There is something like this called Coq (the website is slow sometimes, unfortunately). You can write proofs in it and check them. Another software is Isabelle. You can write a wide range of proofs in both, and there are others as well but I suggest you start with these (they keyword to search is "proof assistant").

For instance in Isabelle, their respository of proofs shows the rank-nullity theorem in linear algebra and Fermat's Last Theorem for exponents 3 and 4. A proof of the four-colour theorem (roughly, any map needs at most four colours to be coloured so that no two countries sharing a more-than-point border share the same colour) has also been implemented in Coq.

If you are familiar with programming you ought to be able to write simple proofs in it pretty soon, though the ability to write proofs by hand is also pretty important and it is unlikely that the software alone will make you good at this, though it might help ward off the boredom. Mathematica is not for writing proofs and doing mathematics, but rather for algebra and other symbolic mathematics.

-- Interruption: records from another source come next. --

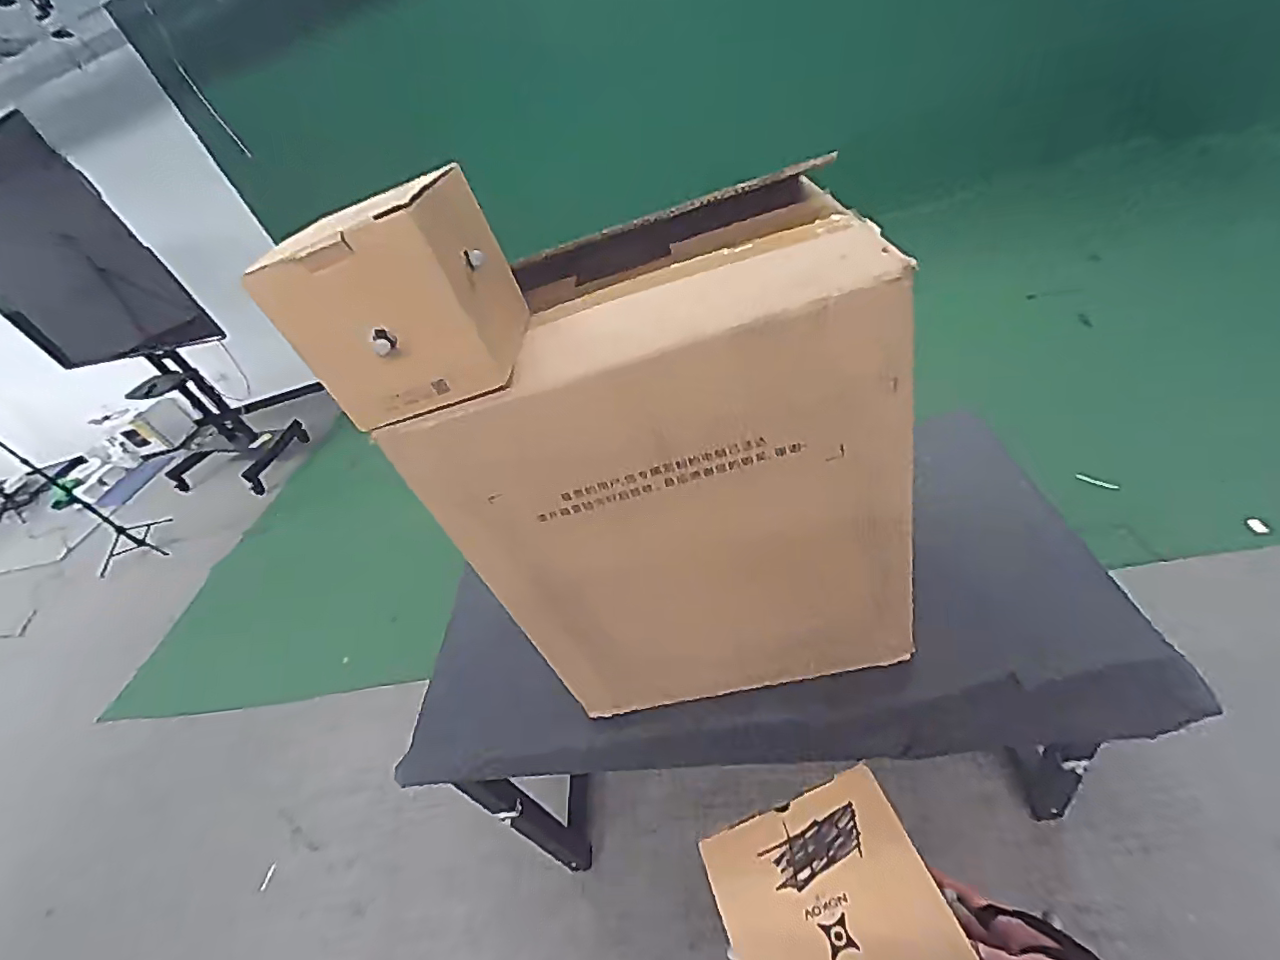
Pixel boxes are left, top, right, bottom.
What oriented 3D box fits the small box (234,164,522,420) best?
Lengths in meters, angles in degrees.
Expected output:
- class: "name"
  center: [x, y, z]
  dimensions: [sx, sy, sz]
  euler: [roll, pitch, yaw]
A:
- class: "small box"
  center: [-0.234, -0.178, 0.541]
  dimensions: [0.168, 0.176, 0.179]
  euler: [-15, 40, 11]
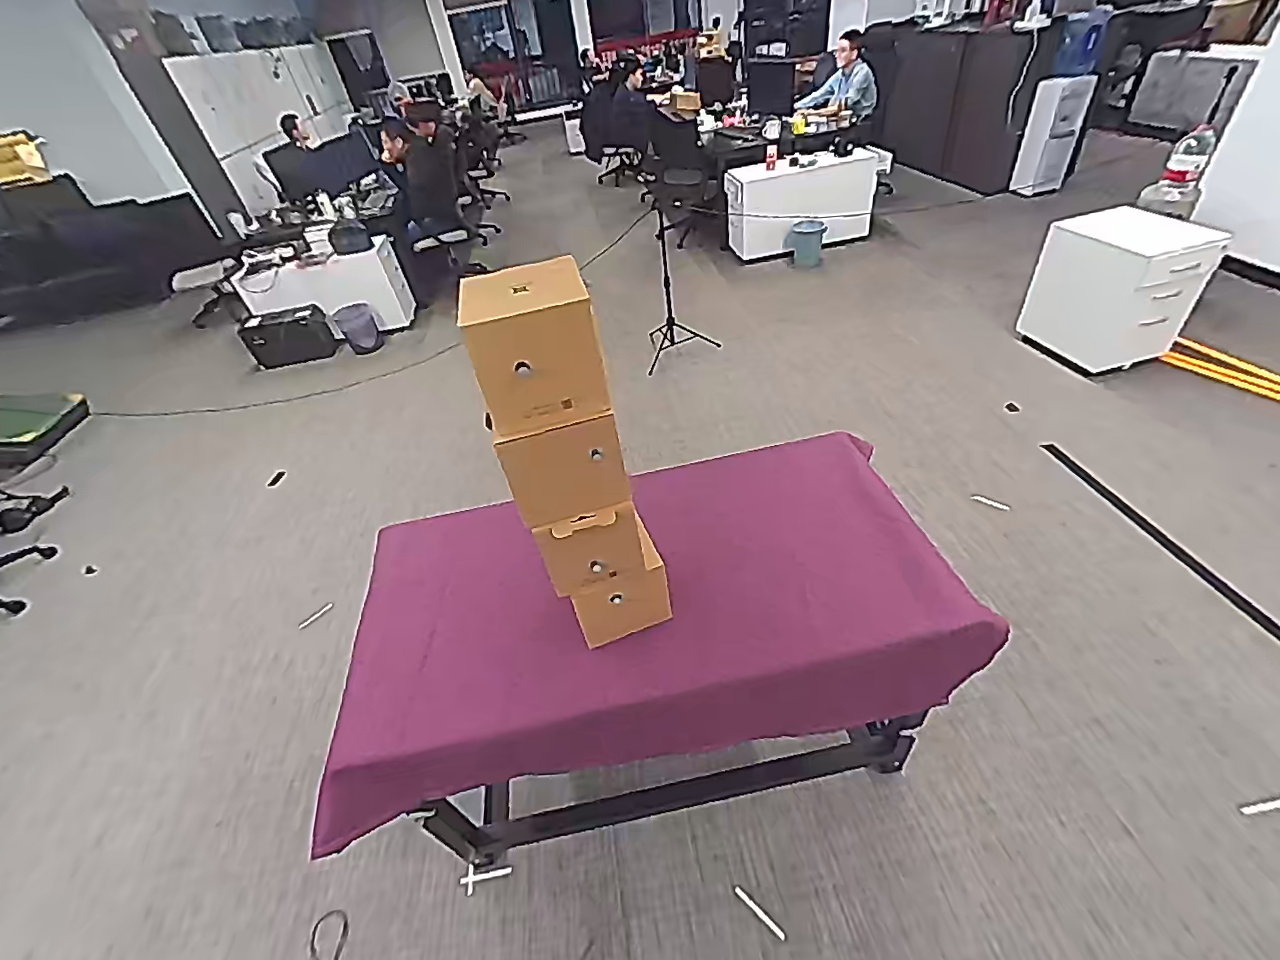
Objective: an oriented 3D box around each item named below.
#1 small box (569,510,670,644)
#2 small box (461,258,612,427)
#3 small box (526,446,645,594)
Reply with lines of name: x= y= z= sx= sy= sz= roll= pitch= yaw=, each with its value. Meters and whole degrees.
small box: x=-0.053 y=0.192 z=1.066 sx=0.179 sy=0.176 sz=0.168 roll=-18 pitch=42 yaw=-10
small box: x=-0.144 y=-0.191 z=0.769 sx=0.168 sy=0.176 sz=0.179 roll=-14 pitch=40 yaw=-5
small box: x=-0.097 y=0.070 z=0.962 sx=0.168 sy=0.176 sz=0.179 roll=-15 pitch=41 yaw=-5
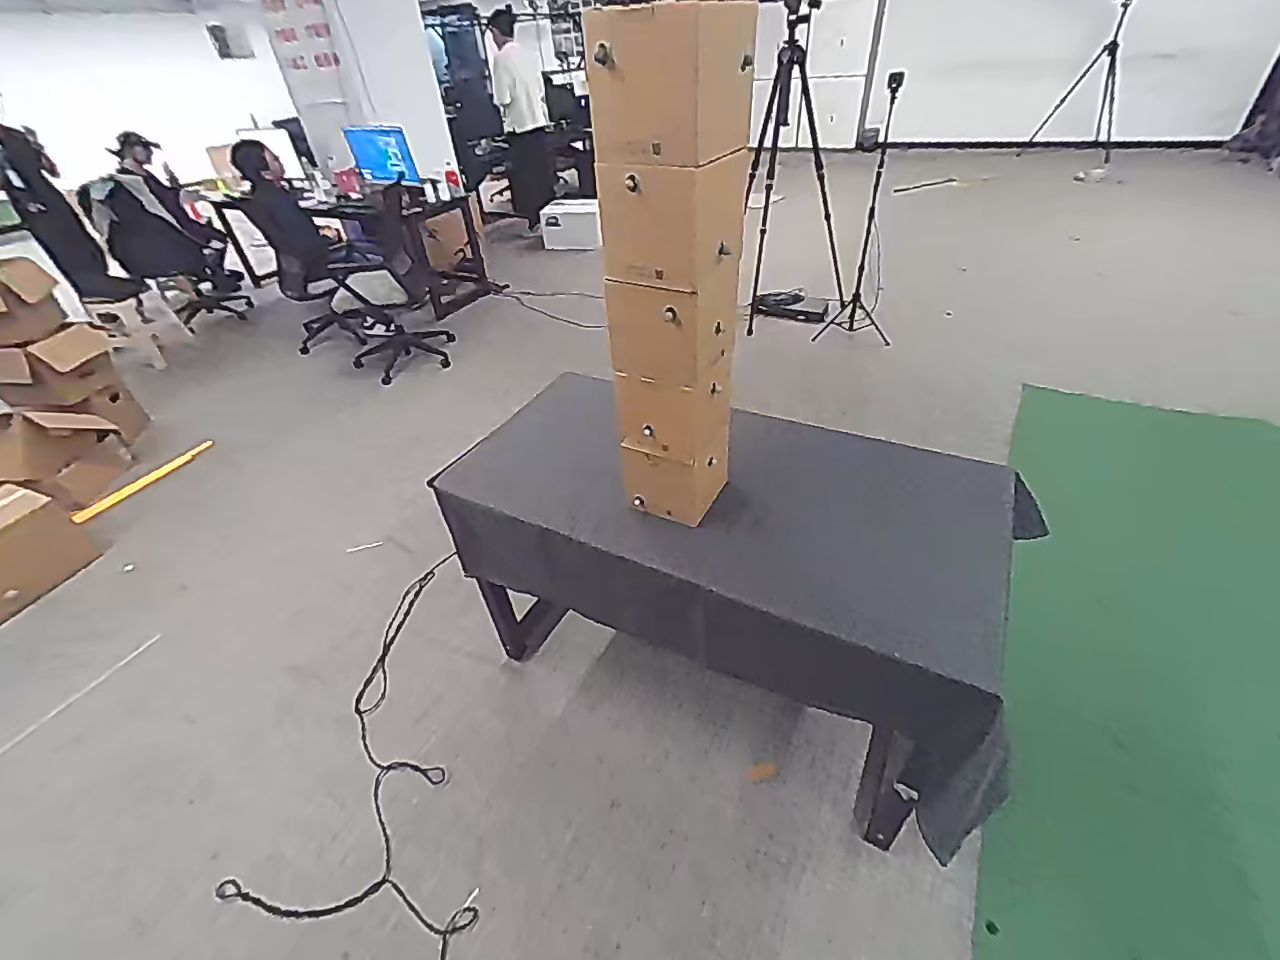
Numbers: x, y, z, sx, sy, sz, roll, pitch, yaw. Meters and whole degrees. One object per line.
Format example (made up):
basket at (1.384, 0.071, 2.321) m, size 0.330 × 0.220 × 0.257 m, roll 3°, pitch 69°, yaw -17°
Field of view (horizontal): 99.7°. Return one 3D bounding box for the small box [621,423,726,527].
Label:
small box at (0.078, -0.026, 1.163) m, size 0.168 × 0.176 × 0.179 m, roll 16°, pitch 42°, yaw 25°

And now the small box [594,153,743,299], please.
small box at (0.048, -0.404, 0.853) m, size 0.168 × 0.176 × 0.179 m, roll 19°, pitch 44°, yaw 26°

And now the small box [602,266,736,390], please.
small box at (0.056, -0.278, 0.957) m, size 0.179 × 0.176 × 0.168 m, roll 18°, pitch 44°, yaw 26°

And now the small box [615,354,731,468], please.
small box at (0.067, -0.152, 1.062) m, size 0.168 × 0.176 × 0.179 m, roll 16°, pitch 44°, yaw 25°

  • $\begingroup$ "Mathematica is not for writing proofs and doing mathematics." Mathematica may not be a proof writer but otherwise Mathematica is all about -doing- mathematics. Very much so, in fact. $\endgroup$ Aug 15, 2015 at 11:44

In fact, there is something sort of along the lines of what you ask about (weakly sort-of). The Fields Medalist Timothy Gowers has been working with the computer scientist, linguist, and mathematician Mohan Ganesalingam to develop automated proof-writing software. For example, one of the things it can do it write a proof showing that the intersections of two open sets in a metric space is an open set, or that closed subsets of complete metric spaces are complete.

For more about this, I direct you to Dr Gowers' blog post about it (the two posts before and after are also about it, if your interested).

I should mention that it's the only software I've heard of that can prove non-menial things in a reasonable way. But as far as I know, there has been no attempt to try to feed it proofs to see if the proofs are correct. However, I bet it could be done in certain cases.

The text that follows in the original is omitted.